ChIP-seq was performed as previously described (Galli, G.G., et al., Mol Cell, 2015. 60(2): p. 328-37). Briefly, cells were cross-linked in 1% formaldehyde for 10 minutes at room temperature after which the reaction was stopped by addition of 0.125M glycine. Cells were lysed and harvested in ChIP buffer (100 mM Tris at pH=8.6, 0.3% SDS, 1.7% Triton X-100, and 5 mM EDTA) and the chromatin disrupted by sonication using a EpiShear sonicator (Active Motif) to obtain fragments of average 200-500 bp in size. Chromatin extracts were incubated for 16 hours with the following antibodies: ER (Cell Signaling, 13258), FOXA1 (Cell Signaling, 58613), GATA3 (Cell Signaling, 5852), CTCF (Cell Signaling, 2899), H3K27ac (Cell Signaling, 8173) and H3K4me1 (Cell Signaling, 5326). Immunoprecipitated complexes were recovered using Protein G Dynabeads (Invitrogen) and DNA was recovered by reverse-crosslinking and purified using SPRI Select beads (Beckman Coulter).
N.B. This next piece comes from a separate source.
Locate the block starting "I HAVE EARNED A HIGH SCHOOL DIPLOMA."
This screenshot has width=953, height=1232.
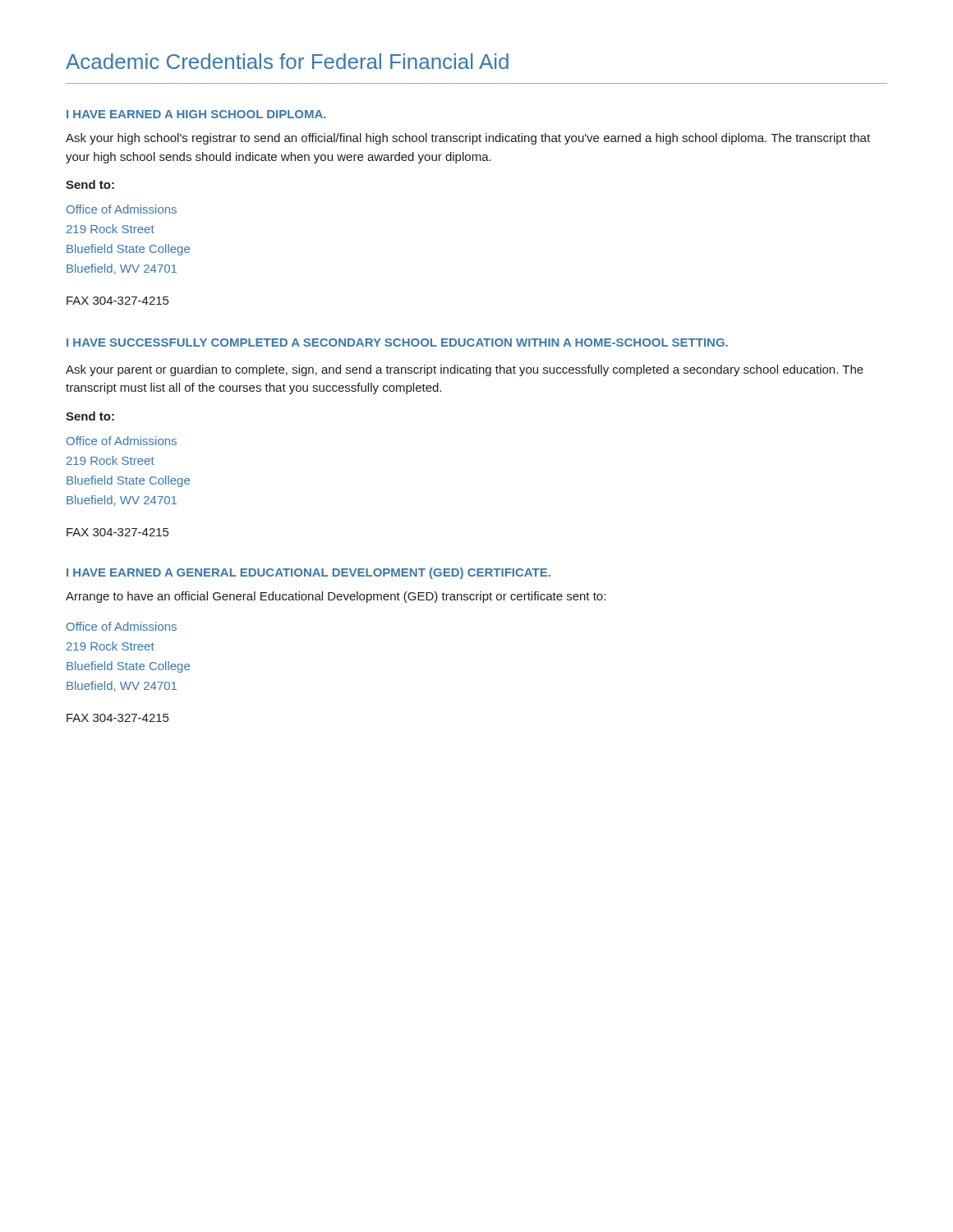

Libraries for ChIP-sequencing were generated using Ovation® Ultralow Library System V2 (NuGEN) and barcodes were added using NEBNext Multiplex Oligos for Illumina (NEB, Index Primers Set 1) according to the manufacturer’s recommendation. All next-generation sequencing experiments were run on a HiSeq2500 (Illumina). Fastq files were aligned to a human reference genome (hg38) using bowtie2 v2.3.4.1 and sorted using samtools v1.8. Duplicates were marked and removed using Picard MarkDuplicates v2.18.7 (http://broadinstitute.github.io/picard), and low quality mapped reads (below 20) were removed using samtools. Samtools view was used to retain reads mapping to human chromosomes and to discard reads mapping to chrM for ATAC-seq samples. Deeptools was used to generate RPKM-normalized bigwig files.